● **What you have to do**: Go through the data below. List every line that holds the word "objects".

● **The records**:
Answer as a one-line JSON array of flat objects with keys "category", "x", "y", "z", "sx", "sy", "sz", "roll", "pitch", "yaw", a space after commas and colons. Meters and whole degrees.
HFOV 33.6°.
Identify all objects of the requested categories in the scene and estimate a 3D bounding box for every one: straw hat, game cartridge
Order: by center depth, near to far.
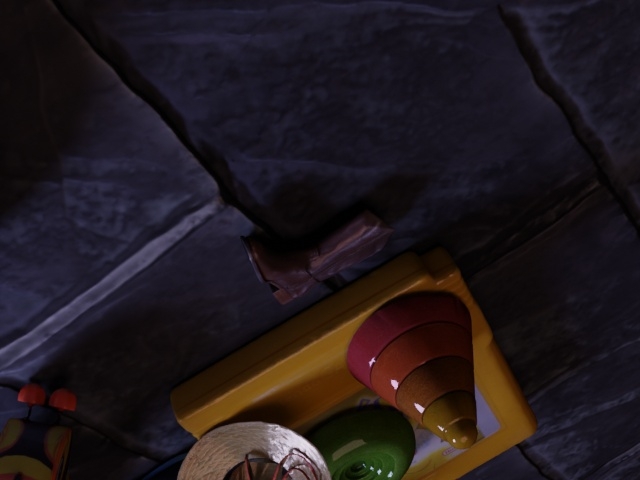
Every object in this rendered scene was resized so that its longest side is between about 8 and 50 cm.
[{"category": "straw hat", "x": -0.054, "y": 0.225, "z": 0.966, "sx": 0.144, "sy": 0.144, "sz": 0.061, "roll": -36, "pitch": 177, "yaw": 9}, {"category": "game cartridge", "x": 0.050, "y": 0.169, "z": 1.042, "sx": 0.285, "sy": 0.053, "sz": 0.324, "roll": -31, "pitch": 138, "yaw": 3}]

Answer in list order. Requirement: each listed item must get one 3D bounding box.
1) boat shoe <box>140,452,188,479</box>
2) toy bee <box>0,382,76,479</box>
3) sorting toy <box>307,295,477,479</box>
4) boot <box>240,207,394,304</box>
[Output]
[{"category": "boat shoe", "x": -0.193, "y": 0.306, "z": 1.020, "sx": 0.258, "sy": 0.089, "sz": 0.109, "roll": -44, "pitch": 135, "yaw": 17}, {"category": "toy bee", "x": -0.230, "y": 0.211, "z": 0.881, "sx": 0.195, "sy": 0.162, "sz": 0.298, "roll": 22, "pitch": 151, "yaw": -23}, {"category": "sorting toy", "x": 0.059, "y": 0.224, "z": 0.977, "sx": 0.127, "sy": 0.126, "sz": 0.366, "roll": 4, "pitch": 127, "yaw": -28}, {"category": "boot", "x": 0.000, "y": 0.000, "z": 0.863, "sx": 0.114, "sy": 0.037, "sz": 0.106, "roll": -28, "pitch": 151, "yaw": 5}]

● **Reply to the task**:
Answer as a one-line JSON array of flat objects with keys "category", "x", "y", "z", "sx", "sy", "sz", "roll", "pitch", "yaw", a space after commas and colons. Meters and whole degrees.
Identify all objects of the requested categories in the scene and estimate a 3D bounding box for every one: straw hat, game cartridge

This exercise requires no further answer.